As Hiraman prepares to go back distraught after his final parting with Hirabai, and is about to hit his bullocks in a fit of anger, he overhears her voice saying, “Don’t hit them!” Earlier, when he was transporting her to the fair and tried to hit the bullocks, she had stopped him with the same words. Now as he looks back, we see the train in which Hirabai has left in the extreme far background framed through the fluttering curtains of his bullock cart in the foreground. It is an incredible image and brings to the fore beautifully just how magical cinema can be.

Raj Kapoor and Waheeda Rehman literally live their roles in the film. Though much, much too old for the role, Raj Kapoor more than compensates with his performance as the naive country bumpkin. One cannot help but smile with him each time he blushes and goes ‘iss’ or be moved emotionally looking at the hurt on his face as Hirabai bids him farewell. Waheeda Rehman responds with perhaps the best performance of her career, her films with Guru Dutt and Guide (1965) notwithstanding. The film offers her a great opportunity to showcase both her great histrionic ability and dancing talent and it goes without saying she excels in both. It is a remarkable, perceptive performance. Sadly however for her, after Guide her best work in films like Teesri Kasam, Khamoshi (1969) and Reshma Aur Shera (1971) went largely unnoticed as the films sank and her regular commercial potboilers like Patthar ke Sanam (1967) and Ram Aur Shyam (1967), where she just had to be decorative and dance with the hero and shed a tear or two, were huge commercial successes!

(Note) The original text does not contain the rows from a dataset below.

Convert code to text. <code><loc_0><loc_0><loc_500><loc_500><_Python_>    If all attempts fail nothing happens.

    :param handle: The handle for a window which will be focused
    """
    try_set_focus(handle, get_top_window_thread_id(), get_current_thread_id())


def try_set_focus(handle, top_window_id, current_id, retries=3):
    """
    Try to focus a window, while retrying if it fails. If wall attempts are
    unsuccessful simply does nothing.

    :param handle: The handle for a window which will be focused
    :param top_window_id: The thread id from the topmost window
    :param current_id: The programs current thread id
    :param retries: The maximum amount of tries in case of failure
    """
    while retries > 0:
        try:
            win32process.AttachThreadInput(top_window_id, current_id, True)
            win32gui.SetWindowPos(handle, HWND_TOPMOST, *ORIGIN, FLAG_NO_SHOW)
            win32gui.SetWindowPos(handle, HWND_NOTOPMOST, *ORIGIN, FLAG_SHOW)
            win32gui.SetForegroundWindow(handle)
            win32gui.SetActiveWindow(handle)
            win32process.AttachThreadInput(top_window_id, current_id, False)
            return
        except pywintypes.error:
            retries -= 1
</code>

The film is beautifully shot by Subrata Mitra enhancing the lyrical feel of the film. The frames and compositions are evocative, poetic and rich in tonal quality and represent some of the finest black and white camerawork done in Indian cinema. The lyrics by Shailendra and Hasrat Jaipuri retain the rural ambiance of the film and are simple yet profound.

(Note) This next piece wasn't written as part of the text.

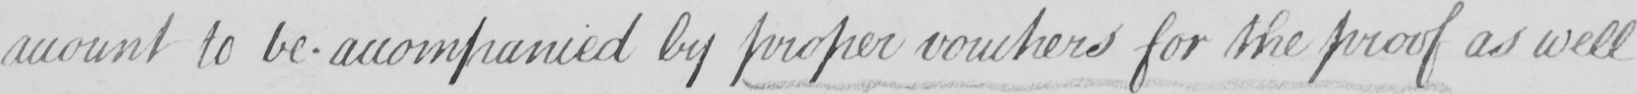What is written in this line of handwriting? amount to be accompanied by proper vouchers for the proof as well

Rarely does one see a mainstream film where music is so well integrated into the film. Shanker-Jaikishen have given an outstanding musical score in the film – simple melodies rooted in folk music. The music is much enhanced with the use of flutes, traditional string and percussion instruments. Sajanre Jhoot Mat Bolo, Sajanwa Bairi Ho Gaye Hamar, Duniya Bananewale all rendered by Mukesh and Pan Khaye Saiyan Humaro sung by Asha Bhosle stand out. It is interesting to see that in keeping with the realistic and human look of the film, Hiraman is just one of the revellers in the song Chalat Musafir and not the lead singer as is the case normally in our films.

Teesri Kasam, in spite of its box-office failure, went on to win the President’s Gold Medal as the Best Feature Film of 1966. However the film had taken its toll on Shailendra and he passed away, a broken man, on December 14, 1966 on good friend Raj Kapoor’s birthday.